Detection means for detecting the spring force of the clamp spring, comparison means for comparing the spring force detected by the detection means with a preset reference value, and notification means for notifying the comparison result of the comparison means are provided. It was.

  In the invention of claim 1, since the spring force of the clamp spring is detected, the clamp force can be detected directly and accurately, the clamp force can be determined normally, and the determination result can be notified, Maintenance and inspection can be performed so that the tool holder can always be securely clamped.

  According to a second aspect of the present invention, the clamp spring includes an unclamp operation portion for releasing the clamped state by the draw bar against a spring force of the clamp spring, and the detection means acts on the unclamp operation portion. The spring force of is detected.

  According to the second aspect of the present invention, the spring force of the clamp spring can be detected by using the unclamp operation portion, and it is not necessary to provide a special mechanism for detection, which can contribute to simplification of the configuration.

  According to a third aspect of the present invention, there is provided drive means for operating the unclamp operation section, and the detection means applies a load applied to the drive means when the drive means operates the unclamp operation section. The spring force is detected.

  When the unclamping operation unit is operated, a spring force by a clamp spring acts on the driving unit as a load. Since this load is detected as the spring force of the clamp spring, the spring force of the clamp spring can be easily detected.

According to a fourth aspect of the invention, the drive means is an actuator that moves the spindle head.
In the fourth aspect of the invention, since the driving means is constituted by an actuator that moves the spindle head, the spring force of the clamp spring can be detected using an existing actuator, which can contribute to simplification of the configuration. .
According to a fifth aspect of the present invention, the machine tool further includes a column that supports the spindle head so as to be movable up and down, and a column driving unit that moves the column in a direction orthogonal to each other on a horizontal plane. A load applied to the column driving means is detected as a spring force of the clamp spring.
According to the fifth aspect, the spring force of the clamp spring acting on the unclamp operation portion can always be detected during the operation of the unclamp operation portion regardless of the shape of the unclamp operation portion, so that the detection error is reduced. be able to.

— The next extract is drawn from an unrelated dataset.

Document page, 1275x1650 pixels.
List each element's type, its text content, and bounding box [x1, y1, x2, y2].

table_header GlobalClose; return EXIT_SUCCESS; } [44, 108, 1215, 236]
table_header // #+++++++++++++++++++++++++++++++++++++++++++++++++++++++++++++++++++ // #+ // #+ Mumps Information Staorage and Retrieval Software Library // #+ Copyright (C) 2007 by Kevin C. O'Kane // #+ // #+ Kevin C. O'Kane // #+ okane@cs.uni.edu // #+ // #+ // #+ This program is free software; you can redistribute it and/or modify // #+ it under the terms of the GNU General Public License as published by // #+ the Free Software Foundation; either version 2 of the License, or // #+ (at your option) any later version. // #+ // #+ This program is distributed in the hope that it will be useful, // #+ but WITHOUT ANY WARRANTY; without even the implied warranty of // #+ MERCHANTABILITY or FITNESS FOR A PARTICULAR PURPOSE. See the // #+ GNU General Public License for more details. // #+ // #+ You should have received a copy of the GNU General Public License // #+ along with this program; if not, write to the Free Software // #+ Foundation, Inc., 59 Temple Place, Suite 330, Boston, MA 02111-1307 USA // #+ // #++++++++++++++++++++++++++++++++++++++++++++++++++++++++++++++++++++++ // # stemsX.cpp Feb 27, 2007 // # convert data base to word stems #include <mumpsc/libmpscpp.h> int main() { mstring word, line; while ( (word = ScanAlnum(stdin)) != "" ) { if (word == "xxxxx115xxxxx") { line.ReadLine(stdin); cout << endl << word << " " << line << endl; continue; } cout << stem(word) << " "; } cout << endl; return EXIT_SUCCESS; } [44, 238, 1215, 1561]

  According to a sixth aspect of the present invention, when the tool is operated when the unclamping operation unit is operated, the detection operation by the detection means may be performed simultaneously, or the detection operation may not be performed, and only when the detection operation is performed. Changed the tool change speed.

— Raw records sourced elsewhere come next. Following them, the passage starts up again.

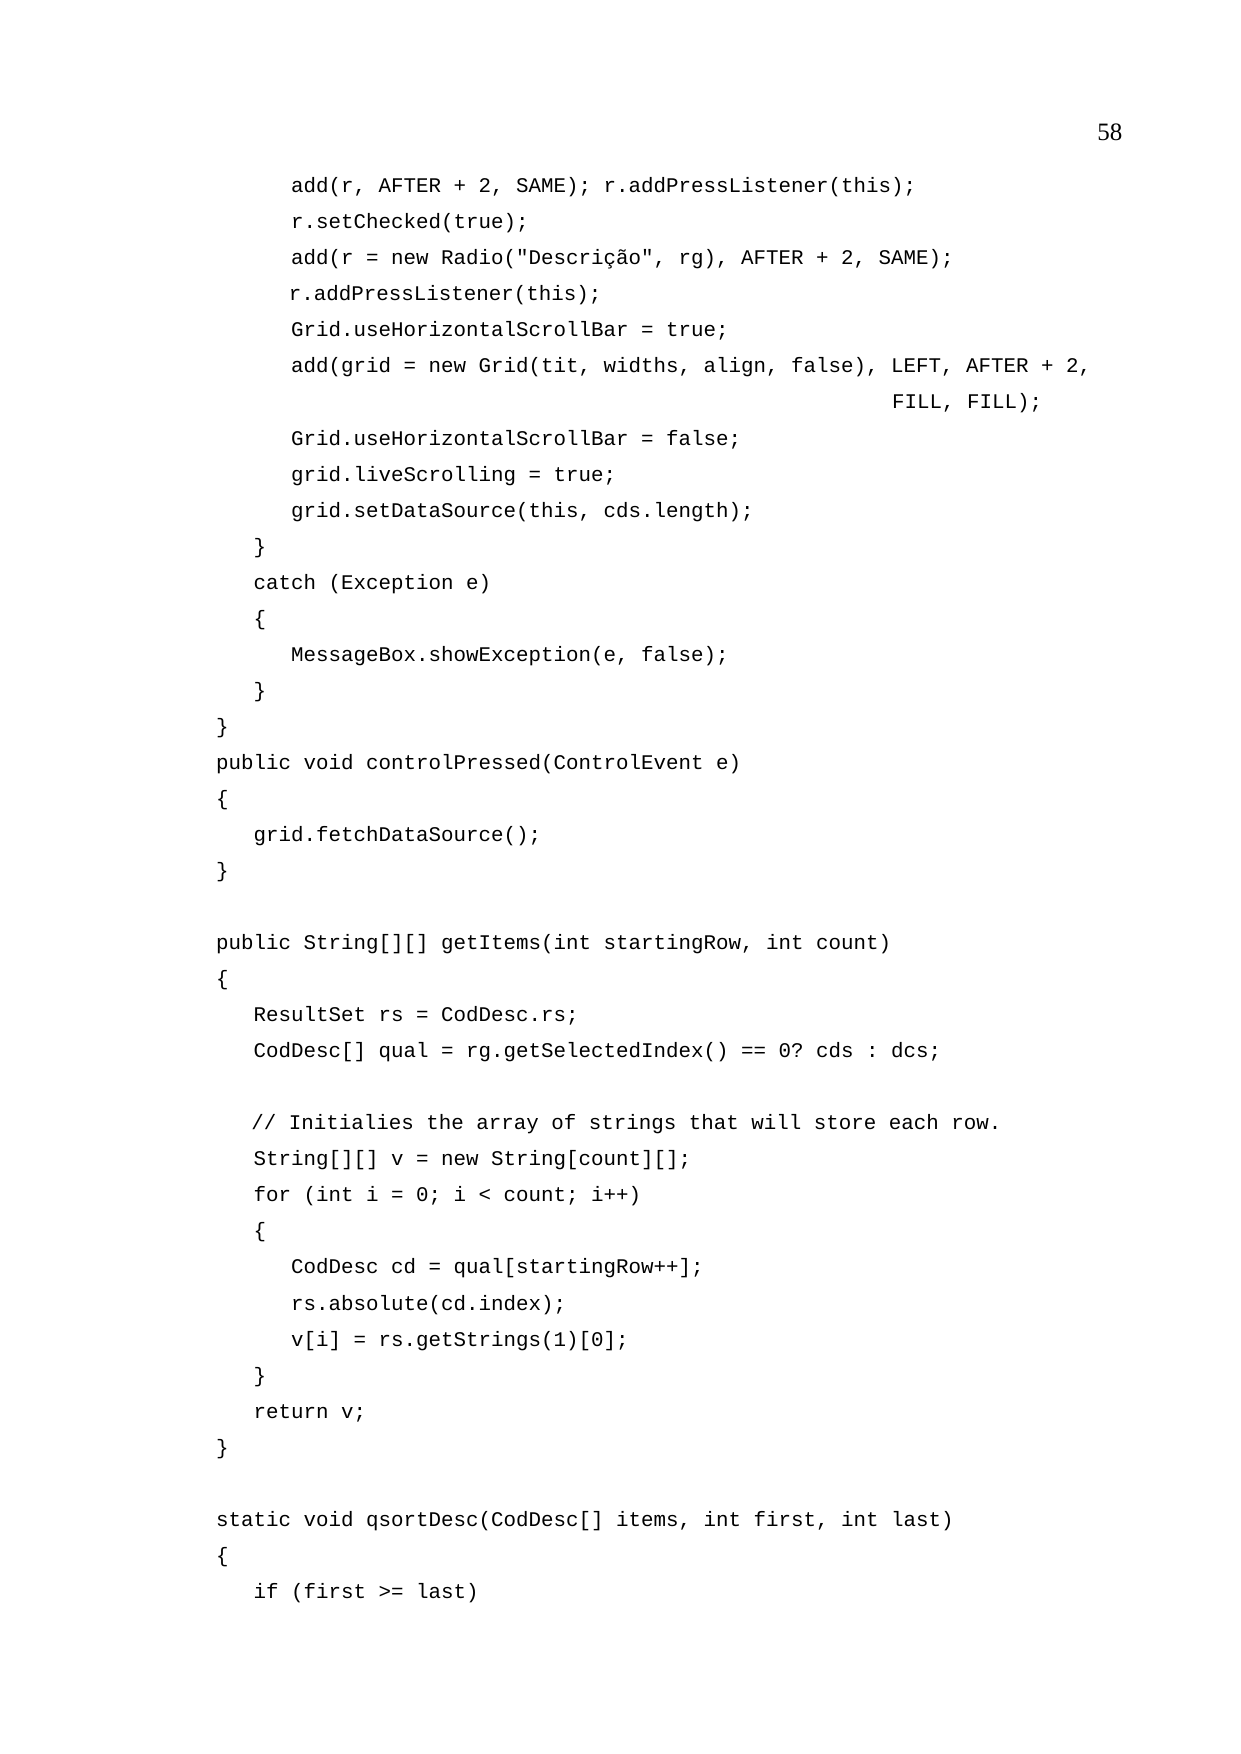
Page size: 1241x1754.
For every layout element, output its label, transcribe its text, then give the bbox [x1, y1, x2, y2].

list { [177, 788, 1122, 812]
list { [177, 608, 1122, 631]
list CodDesc cd = qual[startingRow++]; [177, 1257, 1122, 1280]
list grid.fetchDataSource(); [177, 824, 1122, 848]
list grid.liveScrolling = true; [177, 464, 1122, 487]
list add(r, AFTER + 2, SAME); r.addPressListener(this); [177, 175, 1122, 199]
list } [177, 1365, 1122, 1388]
list { [177, 1545, 1122, 1568]
list String[][] v = new String[count][]; [177, 1148, 1122, 1172]
list Grid.useHorizontalScrollBar = false; [177, 428, 1122, 451]
list Grid.useHorizontalScrollBar = true; [177, 319, 1122, 343]
list public String[][] getItems(int startingRow, int count) [177, 932, 1122, 956]
list } [177, 716, 1122, 739]
list catch (Exception e) [177, 572, 1122, 595]
list rs.absolute(cd.index); [177, 1293, 1122, 1316]
list r.setChecked(true); [177, 211, 1122, 235]
list } [177, 1437, 1122, 1460]
list { [177, 1221, 1122, 1244]
list // Initialies the array of strings that will store each row. [177, 1112, 1122, 1136]
list grid.setDataSource(this, cds.length); [177, 500, 1122, 523]
list add(grid = new Grid(tit, widths, align, false), LEFT, AFTER + 2, [177, 356, 1122, 379]
list static void qsortDesc(CodDesc[] items, int first, int last) [177, 1509, 1122, 1532]
list FILL, FILL); [177, 392, 1122, 415]
list ResultSet rs = CodDesc.rs; [177, 1004, 1122, 1028]
list r.addPressListener(this); [177, 283, 1122, 307]
list MessageBox.showException(e, false); [177, 644, 1122, 667]
list } [177, 860, 1122, 884]
list } [177, 536, 1122, 559]
list } [177, 680, 1122, 703]
list if (first >= last) [177, 1581, 1122, 1604]
list { [177, 968, 1122, 992]
list for (int i = 0; i < count; i++) [177, 1184, 1122, 1208]
list CodDesc[] qual = rg.getSelectedIndex() == 0? cds : dcs; [177, 1040, 1122, 1064]
list return v; [177, 1401, 1122, 1424]
list v[i] = rs.getStrings(1)[0]; [177, 1329, 1122, 1352]
list public void controlPressed(ControlEvent e) [177, 752, 1122, 776]
list add(r = new Radio("Descrição", rg), AFTER + 2, SAME); [177, 247, 1122, 271]

In this sixth aspect, since the tool change speed becomes slow, the detection accuracy of the spring force is further improved.
The invention of claim 7 includes a main shaft rotatably provided on the main shaft head, and a draw bar which is provided on the main shaft and includes a clamp spring and clamps the tool holder on the main shaft by the spring force of the clamp spring. The computer of the numerical control device for controlling the machine tool includes a detection means for detecting the spring force of the clamp spring, a comparison means for comparing the spring force detected by the detection means with a preset reference value, and this comparison It functions as an informing means for informing the comparison result of the means.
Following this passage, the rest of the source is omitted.